Problem details:
When you reach the line with "- car at [1805, 825, 2161, 976]" in the data below, begin printing lines exactly, and stop once the line with "- pedestrian at [205, 848, 238, 887]" has been printed.

Information given section start

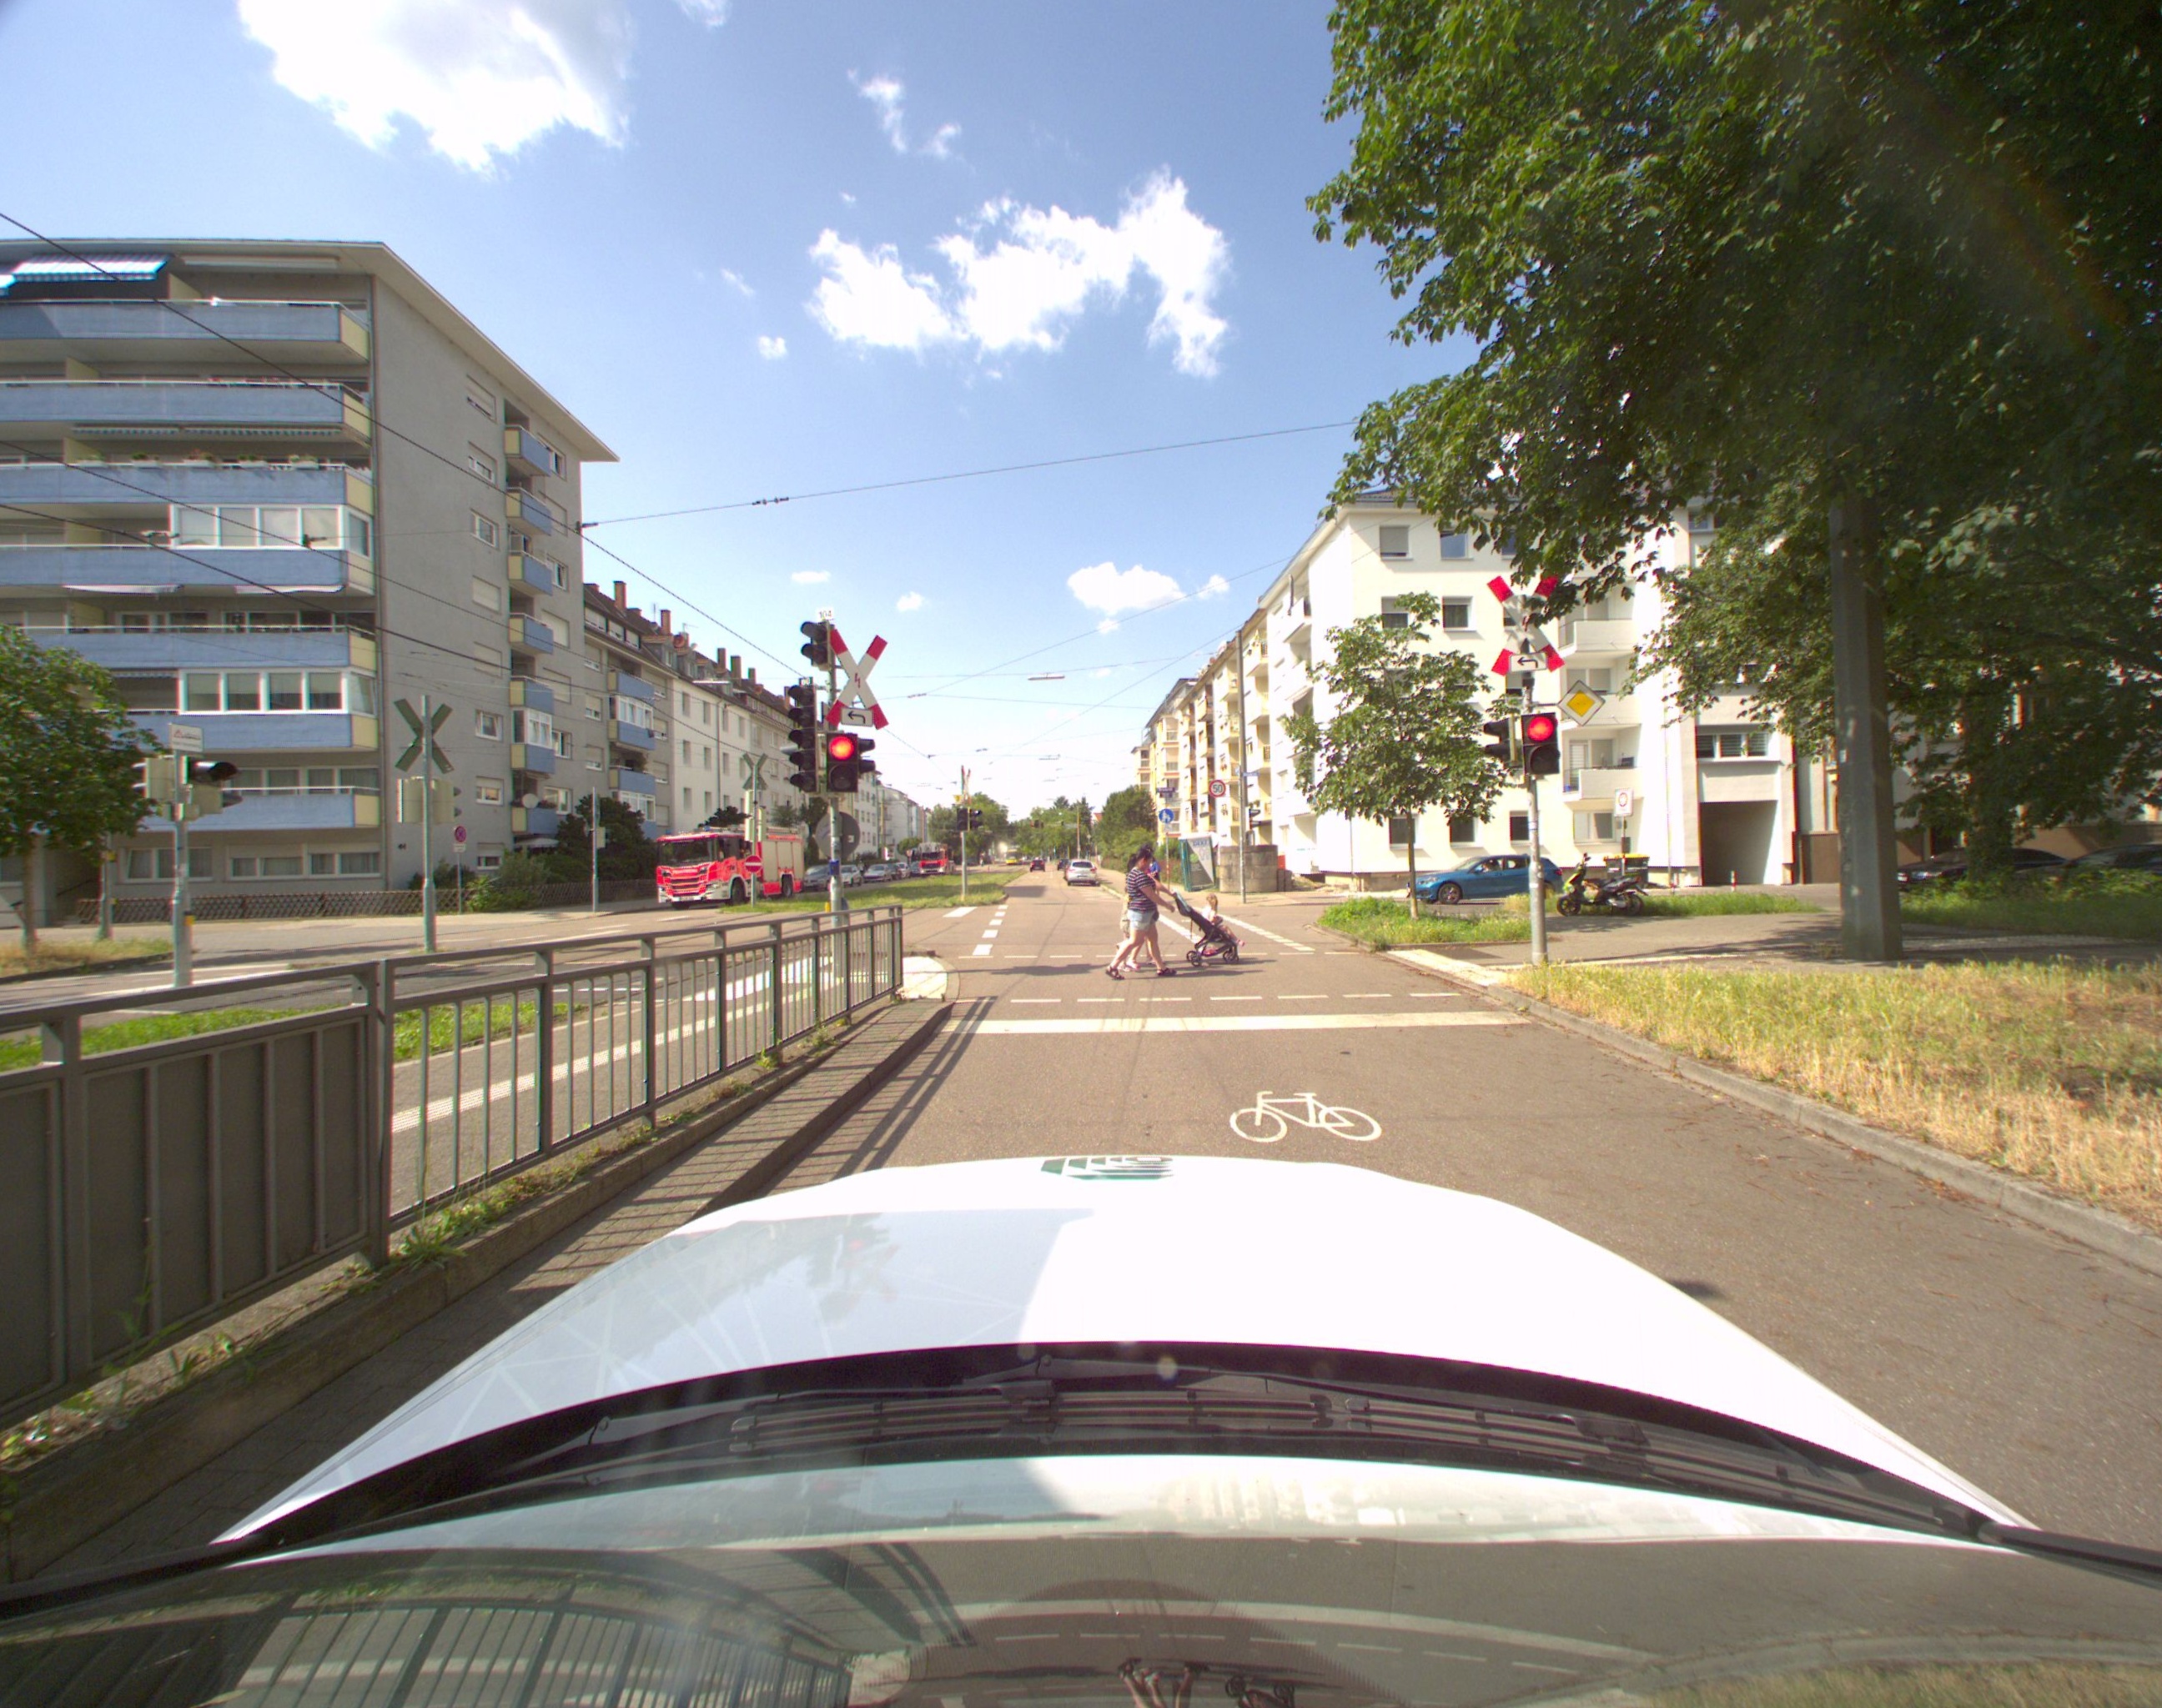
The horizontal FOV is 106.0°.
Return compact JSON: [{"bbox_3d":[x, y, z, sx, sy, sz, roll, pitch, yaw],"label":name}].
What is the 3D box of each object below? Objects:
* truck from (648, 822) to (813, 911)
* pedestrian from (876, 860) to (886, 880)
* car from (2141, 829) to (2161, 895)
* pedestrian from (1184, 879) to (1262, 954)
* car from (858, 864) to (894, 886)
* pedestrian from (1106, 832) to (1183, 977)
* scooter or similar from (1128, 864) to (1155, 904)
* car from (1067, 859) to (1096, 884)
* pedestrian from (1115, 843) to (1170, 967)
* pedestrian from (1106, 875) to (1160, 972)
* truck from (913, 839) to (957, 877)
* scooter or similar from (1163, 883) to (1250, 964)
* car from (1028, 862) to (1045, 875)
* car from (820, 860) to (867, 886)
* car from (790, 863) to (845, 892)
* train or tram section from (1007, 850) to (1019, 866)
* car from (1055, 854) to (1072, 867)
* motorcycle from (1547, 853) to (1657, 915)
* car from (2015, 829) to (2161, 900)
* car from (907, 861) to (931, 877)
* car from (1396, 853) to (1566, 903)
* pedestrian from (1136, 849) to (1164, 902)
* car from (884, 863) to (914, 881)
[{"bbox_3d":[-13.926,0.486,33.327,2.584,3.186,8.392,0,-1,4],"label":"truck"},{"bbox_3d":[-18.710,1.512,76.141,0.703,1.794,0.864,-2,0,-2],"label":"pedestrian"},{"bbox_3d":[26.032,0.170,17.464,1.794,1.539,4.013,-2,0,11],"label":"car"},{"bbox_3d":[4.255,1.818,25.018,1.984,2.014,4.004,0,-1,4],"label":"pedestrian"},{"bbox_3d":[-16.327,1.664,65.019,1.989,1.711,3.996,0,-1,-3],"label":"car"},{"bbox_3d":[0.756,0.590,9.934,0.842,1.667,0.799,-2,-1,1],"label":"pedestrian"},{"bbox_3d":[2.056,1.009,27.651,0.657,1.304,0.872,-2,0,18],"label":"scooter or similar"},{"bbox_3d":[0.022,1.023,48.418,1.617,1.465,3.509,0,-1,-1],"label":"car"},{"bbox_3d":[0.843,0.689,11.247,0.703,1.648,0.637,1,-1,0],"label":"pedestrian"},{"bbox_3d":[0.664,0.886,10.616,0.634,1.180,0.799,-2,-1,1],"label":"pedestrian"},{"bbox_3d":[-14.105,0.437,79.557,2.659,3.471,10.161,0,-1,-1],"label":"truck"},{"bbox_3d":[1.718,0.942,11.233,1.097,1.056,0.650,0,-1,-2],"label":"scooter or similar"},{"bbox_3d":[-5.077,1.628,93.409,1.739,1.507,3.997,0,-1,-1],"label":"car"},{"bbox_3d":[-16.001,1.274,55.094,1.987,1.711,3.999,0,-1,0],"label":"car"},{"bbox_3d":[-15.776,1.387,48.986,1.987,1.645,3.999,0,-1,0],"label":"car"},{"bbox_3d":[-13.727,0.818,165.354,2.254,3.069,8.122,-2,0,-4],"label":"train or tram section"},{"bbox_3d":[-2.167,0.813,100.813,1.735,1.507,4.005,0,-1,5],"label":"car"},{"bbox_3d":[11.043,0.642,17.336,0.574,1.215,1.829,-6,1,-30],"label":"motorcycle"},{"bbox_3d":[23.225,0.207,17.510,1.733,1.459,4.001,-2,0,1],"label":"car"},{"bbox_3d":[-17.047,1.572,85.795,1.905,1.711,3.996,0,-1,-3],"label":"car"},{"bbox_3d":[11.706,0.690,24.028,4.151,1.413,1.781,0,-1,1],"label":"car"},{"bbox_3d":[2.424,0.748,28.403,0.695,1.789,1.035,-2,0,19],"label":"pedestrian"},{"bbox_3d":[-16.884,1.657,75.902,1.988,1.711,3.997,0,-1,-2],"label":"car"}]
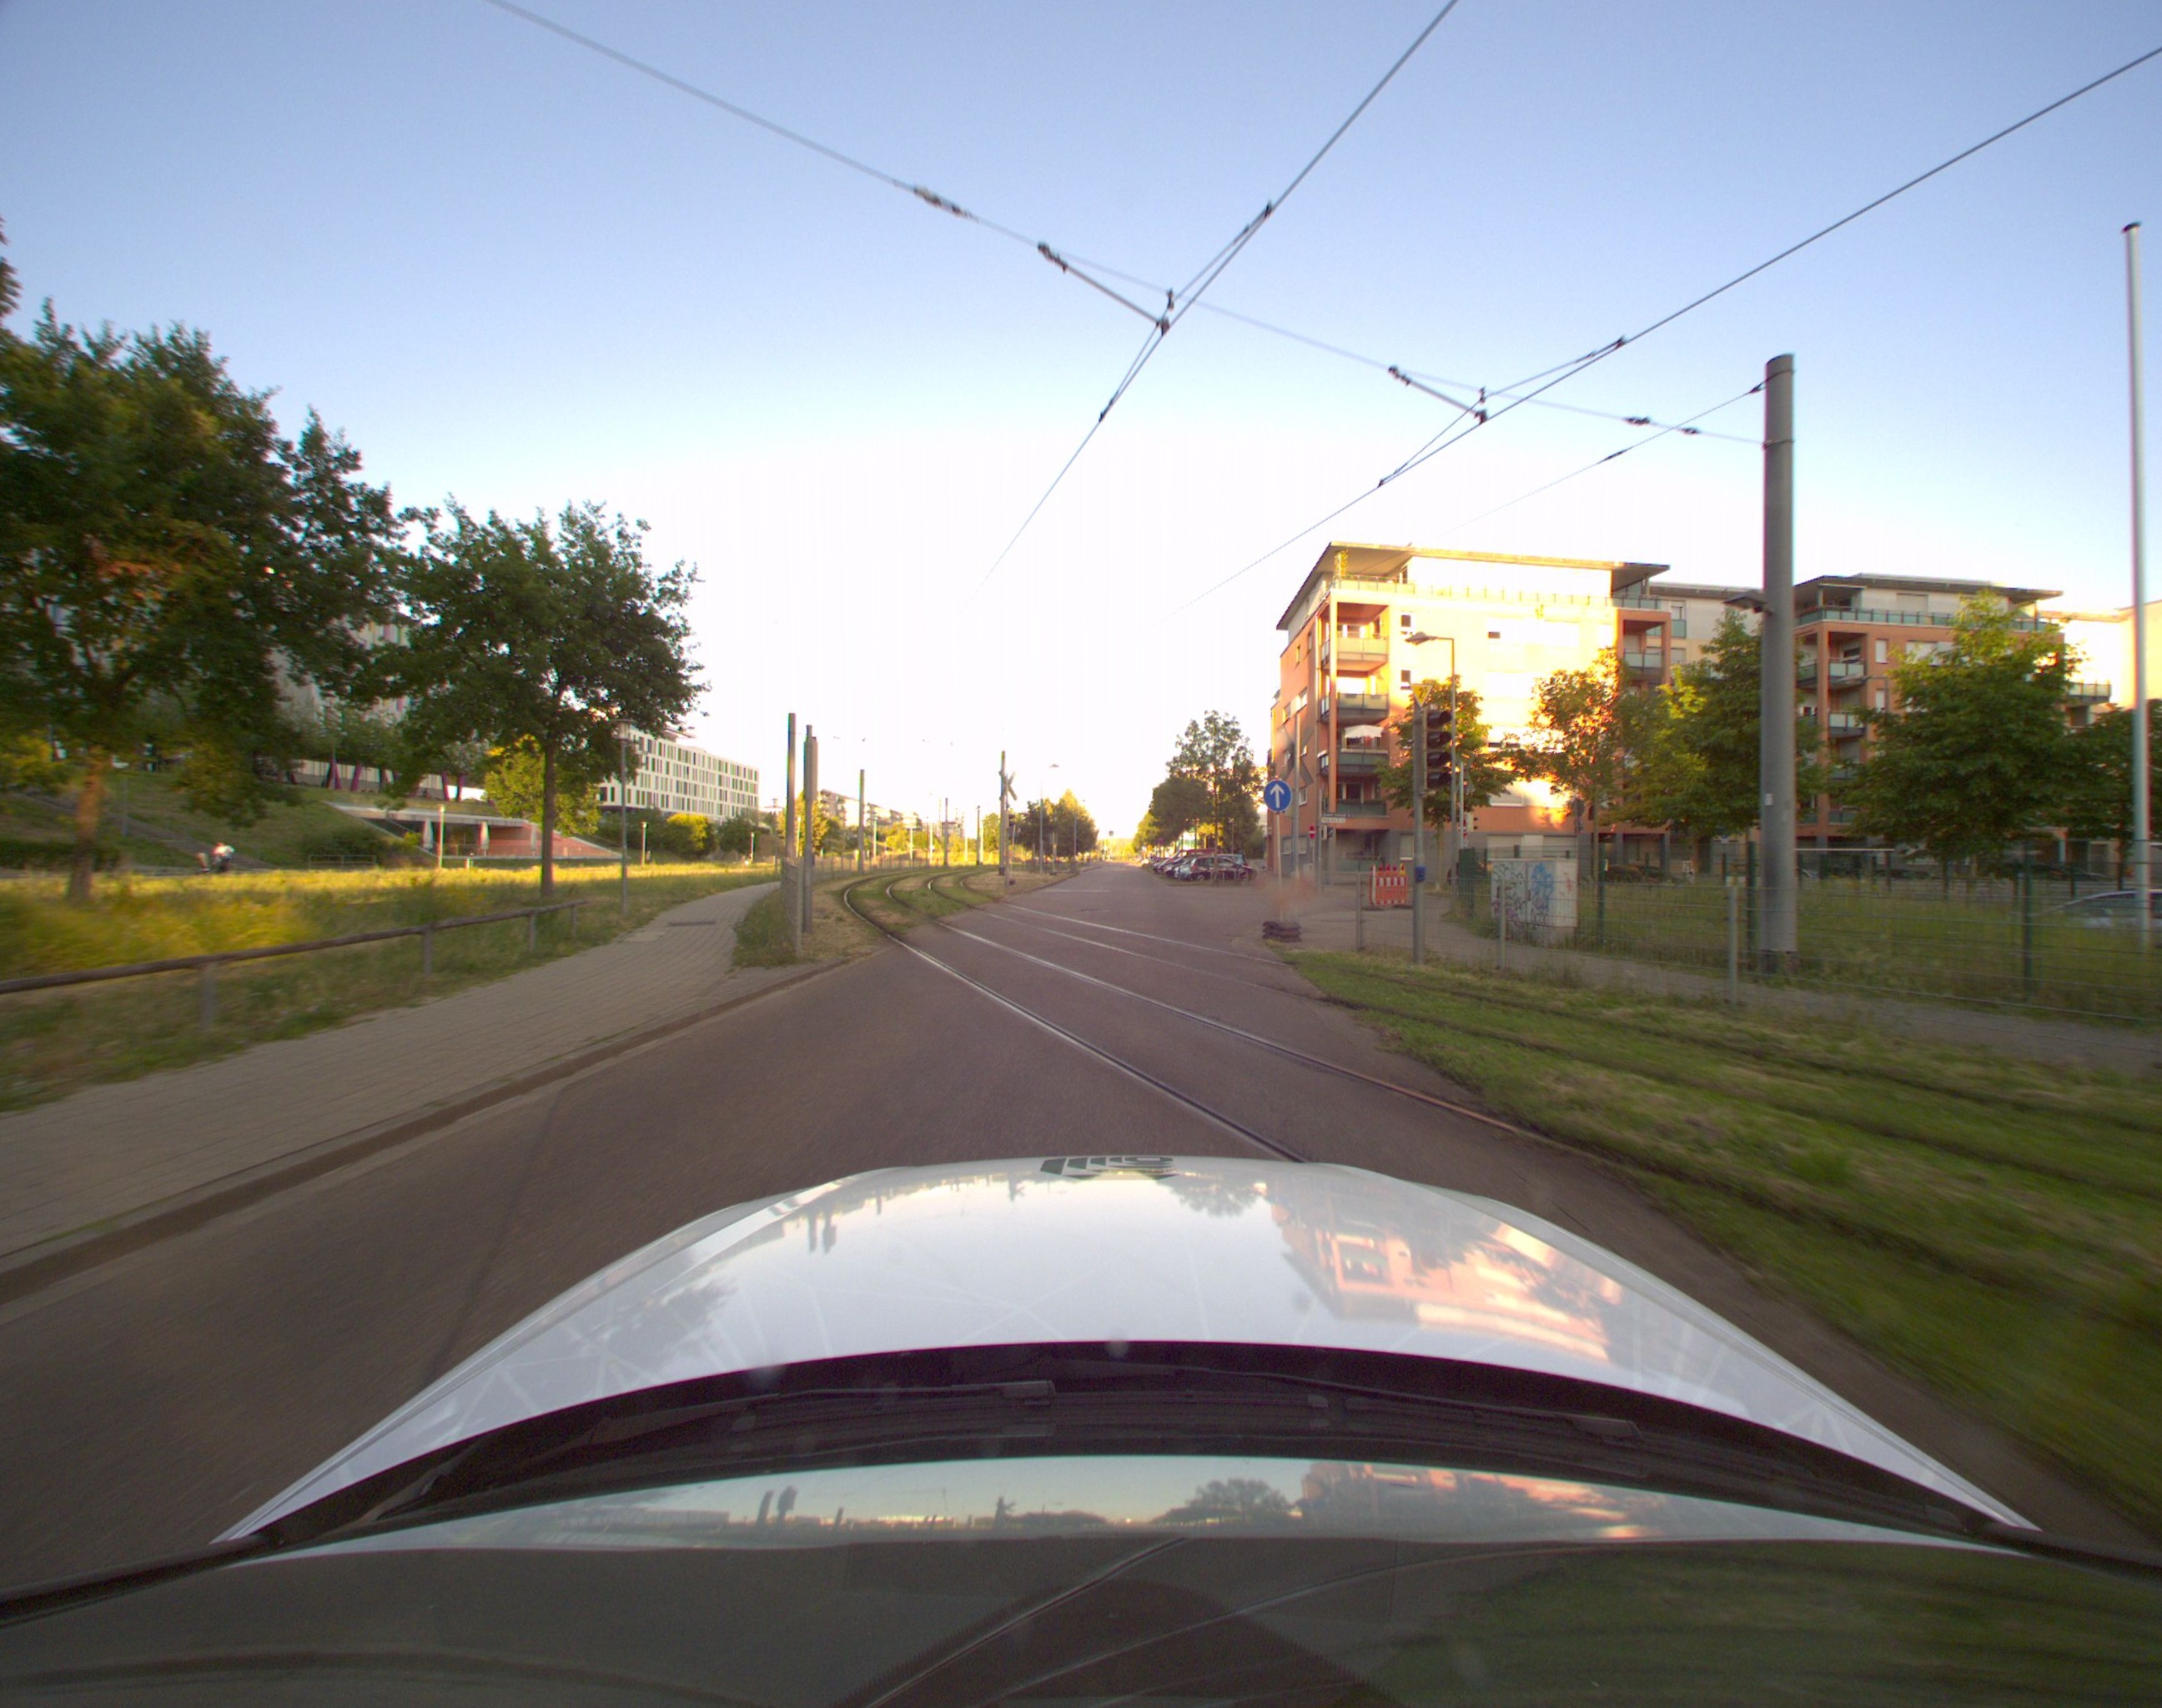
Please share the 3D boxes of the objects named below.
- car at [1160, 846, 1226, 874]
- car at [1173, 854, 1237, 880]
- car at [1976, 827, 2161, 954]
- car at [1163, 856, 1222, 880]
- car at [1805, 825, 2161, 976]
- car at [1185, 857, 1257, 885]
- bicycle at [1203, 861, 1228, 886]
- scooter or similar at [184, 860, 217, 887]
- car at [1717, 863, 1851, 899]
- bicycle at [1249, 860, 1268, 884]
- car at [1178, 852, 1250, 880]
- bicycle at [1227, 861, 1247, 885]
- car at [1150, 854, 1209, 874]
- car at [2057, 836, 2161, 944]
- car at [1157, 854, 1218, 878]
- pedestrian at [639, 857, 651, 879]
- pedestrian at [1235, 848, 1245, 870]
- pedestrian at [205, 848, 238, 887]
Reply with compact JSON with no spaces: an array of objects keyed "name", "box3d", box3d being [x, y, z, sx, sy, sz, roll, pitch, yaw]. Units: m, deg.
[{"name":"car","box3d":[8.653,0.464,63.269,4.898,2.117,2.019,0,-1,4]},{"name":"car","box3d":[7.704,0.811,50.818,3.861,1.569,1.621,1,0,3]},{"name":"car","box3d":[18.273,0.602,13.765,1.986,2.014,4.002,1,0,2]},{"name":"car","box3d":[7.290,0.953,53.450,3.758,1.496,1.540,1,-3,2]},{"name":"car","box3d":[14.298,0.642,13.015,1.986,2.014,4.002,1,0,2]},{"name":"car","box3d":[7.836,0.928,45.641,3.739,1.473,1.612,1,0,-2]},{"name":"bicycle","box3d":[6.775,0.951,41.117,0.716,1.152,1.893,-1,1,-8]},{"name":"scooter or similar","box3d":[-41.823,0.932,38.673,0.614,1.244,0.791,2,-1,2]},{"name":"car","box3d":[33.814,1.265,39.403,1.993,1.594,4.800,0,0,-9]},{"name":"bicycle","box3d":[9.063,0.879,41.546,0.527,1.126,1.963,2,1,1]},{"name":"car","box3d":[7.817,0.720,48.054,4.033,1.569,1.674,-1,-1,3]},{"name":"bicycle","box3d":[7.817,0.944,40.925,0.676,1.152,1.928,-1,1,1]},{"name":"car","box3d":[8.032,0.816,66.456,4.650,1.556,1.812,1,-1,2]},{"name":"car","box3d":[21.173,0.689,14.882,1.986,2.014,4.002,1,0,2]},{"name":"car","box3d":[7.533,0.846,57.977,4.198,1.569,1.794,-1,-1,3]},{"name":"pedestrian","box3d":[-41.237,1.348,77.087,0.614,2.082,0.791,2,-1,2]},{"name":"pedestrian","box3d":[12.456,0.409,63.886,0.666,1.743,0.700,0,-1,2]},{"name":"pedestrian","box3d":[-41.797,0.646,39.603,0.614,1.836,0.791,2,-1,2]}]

Information given section end

Response for this exercise:
- car at [1805, 825, 2161, 976]
- car at [1185, 857, 1257, 885]
- bicycle at [1203, 861, 1228, 886]
- scooter or similar at [184, 860, 217, 887]
- car at [1717, 863, 1851, 899]
- bicycle at [1249, 860, 1268, 884]
- car at [1178, 852, 1250, 880]
- bicycle at [1227, 861, 1247, 885]
- car at [1150, 854, 1209, 874]
- car at [2057, 836, 2161, 944]
- car at [1157, 854, 1218, 878]
- pedestrian at [639, 857, 651, 879]
- pedestrian at [1235, 848, 1245, 870]
- pedestrian at [205, 848, 238, 887]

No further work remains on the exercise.